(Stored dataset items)

--- --- ---

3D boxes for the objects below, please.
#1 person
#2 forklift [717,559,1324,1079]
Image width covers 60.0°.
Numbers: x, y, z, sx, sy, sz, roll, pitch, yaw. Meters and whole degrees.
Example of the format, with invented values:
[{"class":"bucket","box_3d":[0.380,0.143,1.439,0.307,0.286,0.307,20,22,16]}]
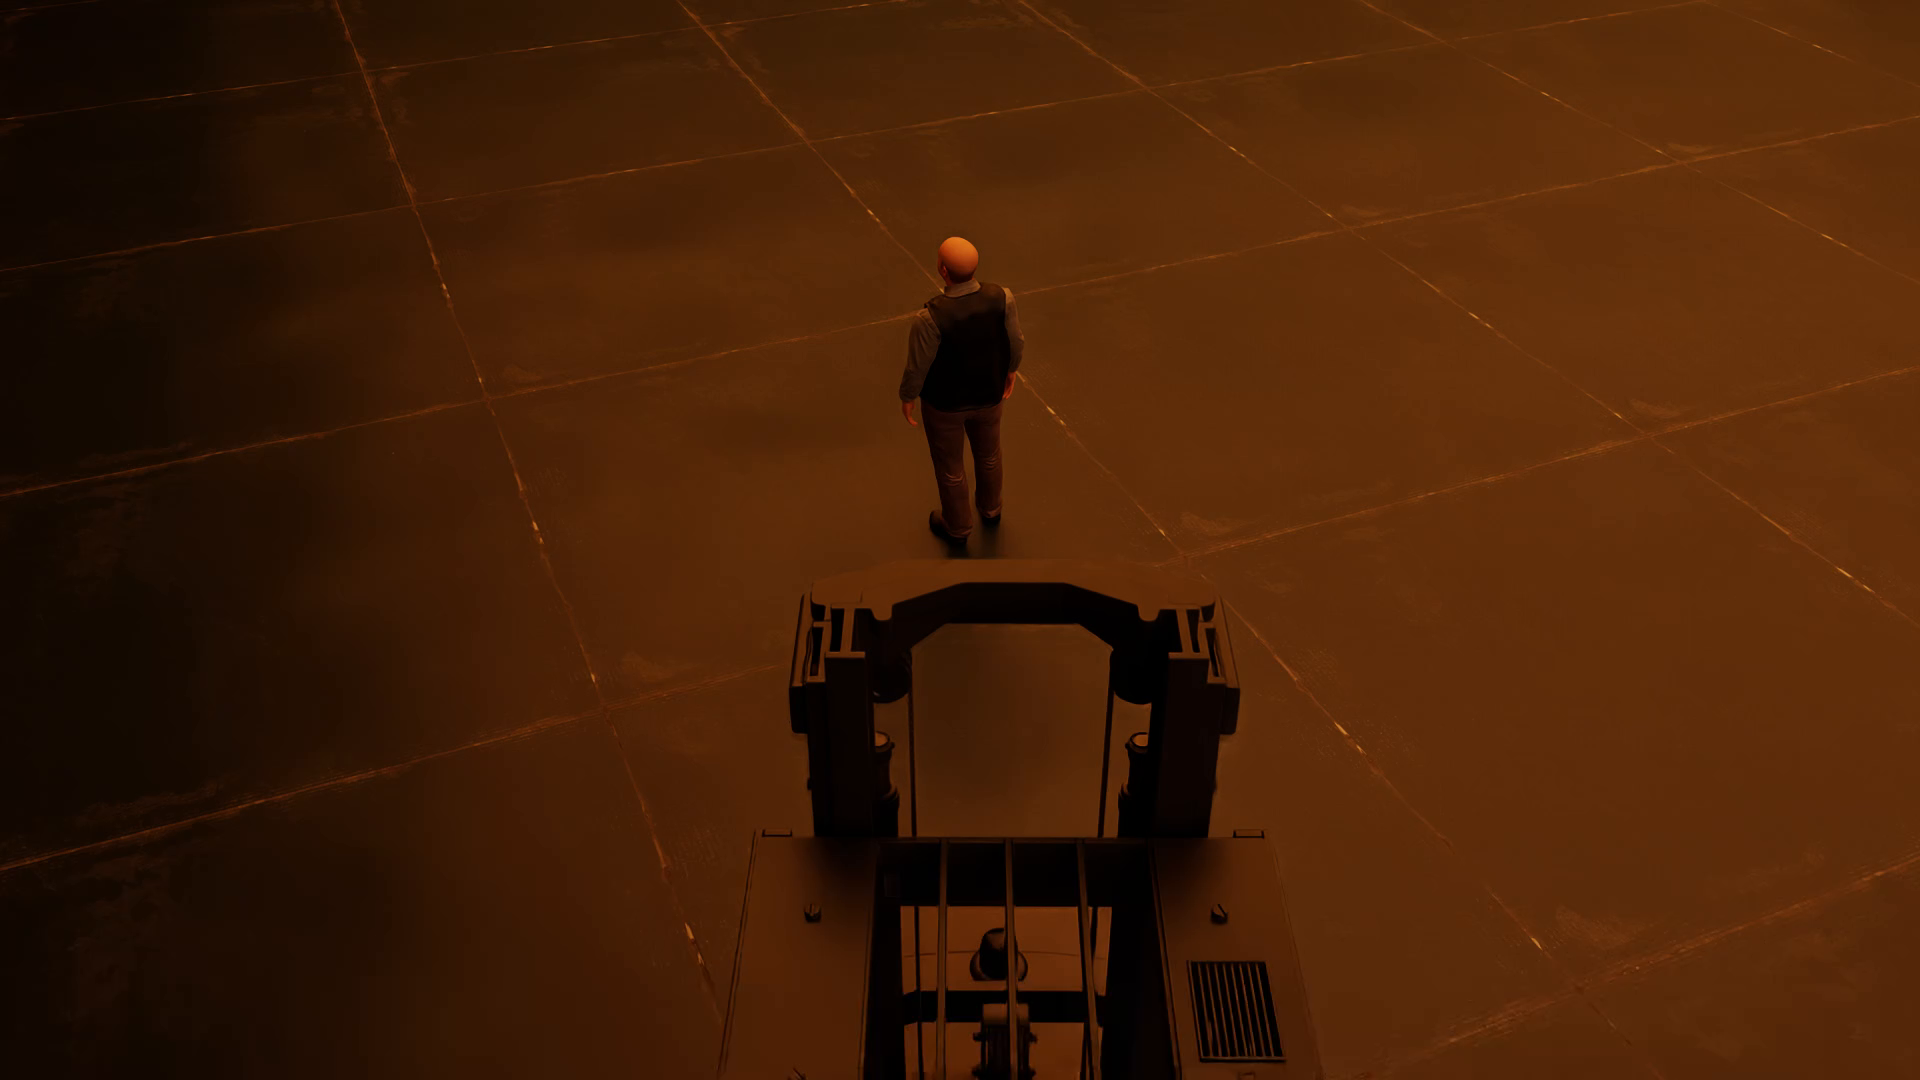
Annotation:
[{"class":"person","box_3d":[-0.017,-0.742,8.174,0.632,1.720,0.568,-14,38,-19]},{"class":"forklift","box_3d":[0.110,1.619,3.822,1.130,2.935,3.031,0,35,0]}]

--- --- ---

Word for word, set down every line of the records above, and leave the pictures out.

EXERCISE ANSWER:
3D boxes for the objects below, please.
#1 person
#2 forklift [717,559,1324,1079]
Image width covers 60.0°.
Numbers: x, y, z, sx, sy, sz, roll, pitch, yaw. Meters and whole degrees.
Example of the format, with invented values:
[{"class":"bucket","box_3d":[0.380,0.143,1.439,0.307,0.286,0.307,20,22,16]}]
Annotation:
[{"class":"person","box_3d":[-0.017,-0.742,8.174,0.632,1.720,0.568,-14,38,-19]},{"class":"forklift","box_3d":[0.110,1.619,3.822,1.130,2.935,3.031,0,35,0]}]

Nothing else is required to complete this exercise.